In a cultural and geographic sense, yes. These places survive because they are sitting on top of something indispensable. Usually, it is water or a mountain pass that makes trade unavoidable. You can burn the buildings, but you cannot move the spring or the mountain.
Alright, let's start the countdown. If we are looking at the oldest, we have to start with the heavyweight champion of the West Bank. Number five on most lists, though arguably number one depending on how you define "city," is Jericho.
Jericho is fascinating because it breaks all the rules of how we think civilization started. Most people assume you need a massive empire to build a walled city, but the archaeological evidence at Tell es-Sultan suggests people were living there permanently as far back as nine thousand BCE. That is eleven thousand years ago.
Eleven thousand years.

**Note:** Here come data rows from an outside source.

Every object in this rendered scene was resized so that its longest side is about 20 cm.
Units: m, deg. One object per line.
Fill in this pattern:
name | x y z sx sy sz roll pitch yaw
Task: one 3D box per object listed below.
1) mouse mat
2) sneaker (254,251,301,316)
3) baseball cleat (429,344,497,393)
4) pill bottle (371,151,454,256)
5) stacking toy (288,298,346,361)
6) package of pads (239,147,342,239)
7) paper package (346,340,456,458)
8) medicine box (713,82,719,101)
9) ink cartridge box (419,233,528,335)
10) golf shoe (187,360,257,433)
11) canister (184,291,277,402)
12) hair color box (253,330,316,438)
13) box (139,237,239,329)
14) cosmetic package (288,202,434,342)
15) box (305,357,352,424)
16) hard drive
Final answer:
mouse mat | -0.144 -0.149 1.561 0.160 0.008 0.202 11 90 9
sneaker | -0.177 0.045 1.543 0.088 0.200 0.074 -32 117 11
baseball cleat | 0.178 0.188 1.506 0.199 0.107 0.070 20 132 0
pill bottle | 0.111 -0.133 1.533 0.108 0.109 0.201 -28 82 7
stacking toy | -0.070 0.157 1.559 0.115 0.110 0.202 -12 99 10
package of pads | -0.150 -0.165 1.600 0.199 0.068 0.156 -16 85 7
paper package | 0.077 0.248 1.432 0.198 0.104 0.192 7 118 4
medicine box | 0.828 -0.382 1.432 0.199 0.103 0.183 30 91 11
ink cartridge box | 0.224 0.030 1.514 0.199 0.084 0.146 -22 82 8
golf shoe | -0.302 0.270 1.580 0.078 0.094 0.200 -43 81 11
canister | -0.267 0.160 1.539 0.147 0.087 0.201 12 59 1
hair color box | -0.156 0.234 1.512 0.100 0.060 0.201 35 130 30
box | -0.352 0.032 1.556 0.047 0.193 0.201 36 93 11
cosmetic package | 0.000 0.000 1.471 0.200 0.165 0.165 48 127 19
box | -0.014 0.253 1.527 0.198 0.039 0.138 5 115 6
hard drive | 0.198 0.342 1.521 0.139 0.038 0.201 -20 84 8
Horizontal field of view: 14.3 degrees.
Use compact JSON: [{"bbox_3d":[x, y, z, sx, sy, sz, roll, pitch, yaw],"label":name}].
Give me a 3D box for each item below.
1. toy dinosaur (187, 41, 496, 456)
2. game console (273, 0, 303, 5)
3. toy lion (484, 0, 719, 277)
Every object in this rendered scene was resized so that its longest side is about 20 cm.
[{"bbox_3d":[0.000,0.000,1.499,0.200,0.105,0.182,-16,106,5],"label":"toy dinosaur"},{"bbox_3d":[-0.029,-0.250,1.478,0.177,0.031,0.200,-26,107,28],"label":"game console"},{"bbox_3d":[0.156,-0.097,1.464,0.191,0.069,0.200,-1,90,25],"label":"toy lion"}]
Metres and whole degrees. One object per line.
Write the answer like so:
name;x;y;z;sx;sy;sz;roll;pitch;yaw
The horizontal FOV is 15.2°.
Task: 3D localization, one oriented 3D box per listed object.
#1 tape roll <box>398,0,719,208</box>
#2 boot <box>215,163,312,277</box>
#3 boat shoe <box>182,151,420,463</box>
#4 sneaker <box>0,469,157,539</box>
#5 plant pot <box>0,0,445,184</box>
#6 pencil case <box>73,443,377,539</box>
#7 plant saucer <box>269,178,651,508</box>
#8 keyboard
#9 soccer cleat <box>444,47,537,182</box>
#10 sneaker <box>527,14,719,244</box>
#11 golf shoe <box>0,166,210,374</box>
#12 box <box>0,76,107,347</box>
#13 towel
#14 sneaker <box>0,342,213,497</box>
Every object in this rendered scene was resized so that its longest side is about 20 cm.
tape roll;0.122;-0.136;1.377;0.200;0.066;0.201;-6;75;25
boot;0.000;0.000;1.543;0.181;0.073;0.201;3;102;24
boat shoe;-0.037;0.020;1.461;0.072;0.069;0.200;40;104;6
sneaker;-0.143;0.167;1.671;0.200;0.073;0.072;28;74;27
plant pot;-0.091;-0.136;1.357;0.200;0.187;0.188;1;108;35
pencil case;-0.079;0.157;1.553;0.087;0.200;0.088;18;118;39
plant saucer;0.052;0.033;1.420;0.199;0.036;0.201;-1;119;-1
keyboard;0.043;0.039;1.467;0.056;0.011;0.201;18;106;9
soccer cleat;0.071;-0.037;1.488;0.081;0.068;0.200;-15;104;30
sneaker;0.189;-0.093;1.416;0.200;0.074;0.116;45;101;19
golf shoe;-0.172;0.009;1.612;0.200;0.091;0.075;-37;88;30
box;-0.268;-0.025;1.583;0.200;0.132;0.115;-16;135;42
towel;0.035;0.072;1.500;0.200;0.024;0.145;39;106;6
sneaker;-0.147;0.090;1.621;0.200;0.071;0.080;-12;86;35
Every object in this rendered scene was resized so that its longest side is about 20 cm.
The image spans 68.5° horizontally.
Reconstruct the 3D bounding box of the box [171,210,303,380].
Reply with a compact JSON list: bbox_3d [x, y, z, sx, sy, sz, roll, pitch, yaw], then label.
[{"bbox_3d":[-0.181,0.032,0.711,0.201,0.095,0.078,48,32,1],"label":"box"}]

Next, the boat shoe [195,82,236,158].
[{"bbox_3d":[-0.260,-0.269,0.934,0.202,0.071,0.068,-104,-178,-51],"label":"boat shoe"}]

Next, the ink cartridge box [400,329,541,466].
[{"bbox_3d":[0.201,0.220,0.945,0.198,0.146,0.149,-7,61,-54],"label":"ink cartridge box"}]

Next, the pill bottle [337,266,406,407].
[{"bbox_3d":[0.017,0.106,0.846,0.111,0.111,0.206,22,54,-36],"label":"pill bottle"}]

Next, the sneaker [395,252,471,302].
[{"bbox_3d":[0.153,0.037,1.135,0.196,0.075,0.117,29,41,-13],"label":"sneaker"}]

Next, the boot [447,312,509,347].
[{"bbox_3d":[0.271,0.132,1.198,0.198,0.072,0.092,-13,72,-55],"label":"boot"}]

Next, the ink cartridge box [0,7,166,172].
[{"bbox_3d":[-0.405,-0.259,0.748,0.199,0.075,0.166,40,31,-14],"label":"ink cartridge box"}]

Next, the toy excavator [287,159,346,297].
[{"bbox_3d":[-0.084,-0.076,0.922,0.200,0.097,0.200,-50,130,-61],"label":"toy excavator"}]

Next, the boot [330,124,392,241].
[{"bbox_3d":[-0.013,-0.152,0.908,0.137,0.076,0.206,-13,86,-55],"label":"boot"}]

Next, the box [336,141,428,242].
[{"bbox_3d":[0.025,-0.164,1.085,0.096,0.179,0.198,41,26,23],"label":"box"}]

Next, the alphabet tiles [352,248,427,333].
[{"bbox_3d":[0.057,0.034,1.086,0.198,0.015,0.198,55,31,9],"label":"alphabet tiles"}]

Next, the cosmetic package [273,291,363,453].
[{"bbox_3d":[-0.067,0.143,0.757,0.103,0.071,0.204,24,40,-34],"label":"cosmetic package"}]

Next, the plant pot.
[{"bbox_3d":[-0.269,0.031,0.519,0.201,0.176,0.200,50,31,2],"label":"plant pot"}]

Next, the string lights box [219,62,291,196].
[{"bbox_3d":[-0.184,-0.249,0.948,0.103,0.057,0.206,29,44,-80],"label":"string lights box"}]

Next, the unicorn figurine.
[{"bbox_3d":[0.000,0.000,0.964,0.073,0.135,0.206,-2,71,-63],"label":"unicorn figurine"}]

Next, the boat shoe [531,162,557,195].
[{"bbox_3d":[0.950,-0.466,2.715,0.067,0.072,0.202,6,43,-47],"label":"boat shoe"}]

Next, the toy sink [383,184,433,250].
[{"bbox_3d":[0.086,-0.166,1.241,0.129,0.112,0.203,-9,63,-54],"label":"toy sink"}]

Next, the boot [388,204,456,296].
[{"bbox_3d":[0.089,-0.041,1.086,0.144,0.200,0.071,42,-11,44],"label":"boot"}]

To put that in perspective, the Roman Empire ended about fifteen hundred years ago. We are talking about a gap that makes Rome look like a recent startup. What was the draw? Why did hunter-gatherers suddenly decide, "You know what? This spot right here is where we stay forever"?
The spring. It is called Ein as-Sultan. It produces nearly four thousand liters of water every single minute. In the middle of the Judean Desert, that is more valuable than gold. If you have that much water, you can farm, you can keep livestock, and you never have to leave. But because you have something everyone else wants, you have to protect it. That is why we see the Tower of Jericho, which was built around eight thousand BCE. It is an eight-meter-tall stone structure. Think about the labor required to build that before the invention of the wheel or metal tools.
But wait—how do you even build an eight-meter tower without wheels or pulleys? That’s like building a three-story house by hand using nothing but rocks you found on the ground.
It’s exactly that. They used internal staircases. Imagine carrying heavy stones up a narrow, dark spiral staircase while the sun is beating down on the desert outside. It suggests a level of social organization we didn't think existed in the Neolithic. You need a foreman, you need designers, and you need a way to feed the workers who aren't out hunting because they’re busy hauling rocks. Jericho wasn't just a village; it was a project.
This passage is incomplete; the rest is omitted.